Giving back after Ebola

Giving back after Ebola

Before the Ebola virus arrived in Freetown, Sierra Leone, hospital nurse Adiatu Pujeh and her colleagues at the King Harman Hospital thought malaria was the most challenging disease they faced. But Ebola, which arrived in their midst last September, infecting Adiatu and killing many of her colleagues, changed all that.
"We had been treating all sorts of common cases here, including the number one killer disease – malaria – before the Ebola outbreak," says Adiatu. But in September, a patient being treated as a 'normal' case of fever and diarrhoea, turned out to be anything but 'normal'. In fact the patient had escaped from an Ebola treatment centre and brought the virus to the hospital.

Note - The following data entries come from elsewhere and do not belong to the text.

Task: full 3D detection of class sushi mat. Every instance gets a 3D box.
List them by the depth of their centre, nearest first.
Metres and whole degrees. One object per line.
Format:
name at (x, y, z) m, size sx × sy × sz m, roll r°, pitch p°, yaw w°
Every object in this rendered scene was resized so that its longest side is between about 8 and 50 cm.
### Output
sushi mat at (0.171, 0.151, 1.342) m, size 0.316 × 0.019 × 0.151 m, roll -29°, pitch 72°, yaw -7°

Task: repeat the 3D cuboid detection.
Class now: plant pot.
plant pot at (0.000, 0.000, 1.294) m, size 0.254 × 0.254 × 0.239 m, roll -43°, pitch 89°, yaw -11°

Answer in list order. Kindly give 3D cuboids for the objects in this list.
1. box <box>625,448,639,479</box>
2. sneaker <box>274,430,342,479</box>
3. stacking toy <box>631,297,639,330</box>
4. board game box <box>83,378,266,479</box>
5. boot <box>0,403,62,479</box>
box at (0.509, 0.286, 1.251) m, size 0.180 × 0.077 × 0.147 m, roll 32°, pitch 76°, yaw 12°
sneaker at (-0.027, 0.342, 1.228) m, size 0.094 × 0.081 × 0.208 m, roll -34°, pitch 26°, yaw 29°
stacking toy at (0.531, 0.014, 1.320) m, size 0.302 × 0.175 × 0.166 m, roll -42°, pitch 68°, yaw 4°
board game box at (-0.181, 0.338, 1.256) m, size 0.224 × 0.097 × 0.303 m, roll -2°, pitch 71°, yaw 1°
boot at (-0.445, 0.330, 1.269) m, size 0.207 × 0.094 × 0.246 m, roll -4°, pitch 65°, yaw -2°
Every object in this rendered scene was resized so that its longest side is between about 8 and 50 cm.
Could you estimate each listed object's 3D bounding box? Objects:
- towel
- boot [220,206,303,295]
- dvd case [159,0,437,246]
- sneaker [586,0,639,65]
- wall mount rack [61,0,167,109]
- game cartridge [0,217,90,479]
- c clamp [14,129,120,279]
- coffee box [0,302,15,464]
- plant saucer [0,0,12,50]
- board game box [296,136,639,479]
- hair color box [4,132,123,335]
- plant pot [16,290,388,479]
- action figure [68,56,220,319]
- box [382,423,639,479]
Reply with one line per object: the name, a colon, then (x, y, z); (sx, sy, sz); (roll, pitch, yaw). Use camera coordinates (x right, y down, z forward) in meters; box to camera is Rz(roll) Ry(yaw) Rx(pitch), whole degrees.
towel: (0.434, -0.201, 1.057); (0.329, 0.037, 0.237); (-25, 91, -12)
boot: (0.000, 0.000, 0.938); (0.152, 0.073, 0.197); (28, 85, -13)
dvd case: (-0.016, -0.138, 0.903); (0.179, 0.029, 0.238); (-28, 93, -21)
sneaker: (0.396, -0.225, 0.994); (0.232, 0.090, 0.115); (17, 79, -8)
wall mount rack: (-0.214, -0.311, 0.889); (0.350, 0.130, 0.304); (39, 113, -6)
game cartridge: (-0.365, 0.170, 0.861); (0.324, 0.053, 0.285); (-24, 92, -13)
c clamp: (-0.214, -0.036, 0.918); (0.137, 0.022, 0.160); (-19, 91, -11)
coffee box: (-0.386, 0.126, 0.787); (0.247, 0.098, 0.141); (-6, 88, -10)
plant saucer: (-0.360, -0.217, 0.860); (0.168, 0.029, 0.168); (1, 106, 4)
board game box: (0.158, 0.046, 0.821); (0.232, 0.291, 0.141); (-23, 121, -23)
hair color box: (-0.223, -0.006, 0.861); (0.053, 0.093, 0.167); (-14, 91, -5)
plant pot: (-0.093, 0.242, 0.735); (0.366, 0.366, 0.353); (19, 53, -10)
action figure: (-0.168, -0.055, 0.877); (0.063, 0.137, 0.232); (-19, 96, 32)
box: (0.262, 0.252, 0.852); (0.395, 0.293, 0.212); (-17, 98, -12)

Three of Adiatu’s colleagues became ill, and each tested positive for Ebola. All three died. "I was very edgy when the first case happened, then the second and another. We were all very close and I also helped treat the patient. So I became extra vigilant for signs and symptoms of Ebola and was extremely careful at home."

Soon enough, Adiatu developed the symptoms she feared – sudden fever, headache, vomiting and diarrhoea. She went straight to the Hastings Ebola treatment centre for testing and care but there she became convinced that "I was at the point of no return".

"When I saw people in the same condition, in the same ward as me, including healthcare workers, dying every day, I knew I would be the next to die. It was terrifying".

Despite her fear, Adiatu slowly began to recover and, after nearly 2 months in the treatment centre, tested negative for the virus and was discharged, taking part in a joyful televised ceremony. "At that point I felt like I had been released from death row in a jail," she says.